Growing up

Becoming – Michelle Obama

It’s been an interesting week with interesting conversations at work and at home.

What did I want to be when I was growing up?

I wanted to be a teacher. Only because it was probably one of the first occupations I knew when I first started going to school.

But I discovered books and the joy of reading. I loved writing. And so I wanted to be a writer.

I wrote a lot. Diaries, journals, essays, newspaper articles, scripts and plays, mini stories.

Then I started thinking, but can I really write? What if I ran out of things to write?

So my dream of becoming a writer ended before it started.

I landed my dream job, almost 13 years ago, not as a writer but as a researcher and strategist.

It’s not just about understanding human behaviour and market dynamics and translating them into business recommendations; it’s about uncovering insights and coming up with a narrative to draw people in so they are influenced to do something about it.

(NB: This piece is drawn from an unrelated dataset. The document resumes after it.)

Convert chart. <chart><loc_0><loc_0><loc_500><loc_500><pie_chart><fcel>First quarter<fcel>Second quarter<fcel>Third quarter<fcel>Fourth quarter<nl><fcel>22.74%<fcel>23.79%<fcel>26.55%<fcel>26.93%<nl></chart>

As with most, if not all, jobs, this job is not perfect, but what kept me going has always been what my work is fundamentally about: the insight and the narrative.

But of course, there is the need to progress – financially, personally and professionally. There are checkboxes to tick, milestones to hit, because these are tangible evidence of progress.

Lately I’ve been thrown offguard by two questions: 1) Why do you want a promotion? and 2) Can you rank your motivations for wanting a promotion – Influence, Ego or Compensation?

Why do students need to take examinations? Why do birds fly and fishes swim? Why do monkeys climb trees?

For the first time ever, I lost the insight and the narrative.

Is it a lack of opportunity? A lack of calibre? Or simply.. a lack of love?

I’m just mindblown by the things people say, and feel like I’ve been mindfucked.

Maybe it’s time to re-callibrate.

I had a long chat with Clarissa today about school and English class.

Her English teacher from the learning centre called me last weekend and told me about the steep learning curve Clarissa is having, and asked that I encourage her more. Her classmates, who started taking the class much earlier than her, are writing faster than her and understand what’s going on in class better than her.

Yet when I asked her how the class went last week, she said it was good.

Today she told me how she really felt in class. With tears in her eyes, she said the passage was hard to write, and she didn’t know what the teacher was talking about. She loves learning about countries and cities and the things in those countries and cities, but writing and reading is so hard.

I explained to her why I wanted her to take the class. I said it’s because it’s important to know how to read and write, because even though it’s hard to learn, it would ultimately make her happy.

Because she loves books and stories, knowing how to read would make her happy.

Because she loves travelling and going on holidays, knowing how to read so she can learn about these places would make her happy.

Because going to school is a must, knowing how to read and write would make learning easier, and that would make her happy too.

She nodded and brightened up as she told me how she is now the only one in class who can read the words in the toilet, because she learned the word “splash” in English class. She was able to tell her friends how to spell the word “little”. And now she can read and spell the name of her swimming school.

“Does that make you happy?” I asked her.

She smiled and nodded.

I explained her how her classmates have a headstart, just like how she has a headstart in school as compared to Allie. That’s why they seem faster and better, but it’s only because they’ve got more practice.

I told her I don’t care if she couldn’t write the passage properly, but what’s important to me is that she tries her best and that she has learned something from it. In this case, she’s learned about the floating market in Thailand, which she would not have seen or read about otherwise.

I don’t know if I’m doing the right thing. It’s hard to know if I’m pushing her just enough or if I’m pushing her too much.

It’s important to learn the value of hard work, to have the grit to persevere and the willingness to learn and to try.

I don’t need her to be a straight-As student, and I hope I will not be the parent who only seeks tangible results in the form of grades, and only grades.

Maybe this is the universe telling me the same thing I’m trying to tell my child.

That not everything can be measured. And not everything needs to be measured.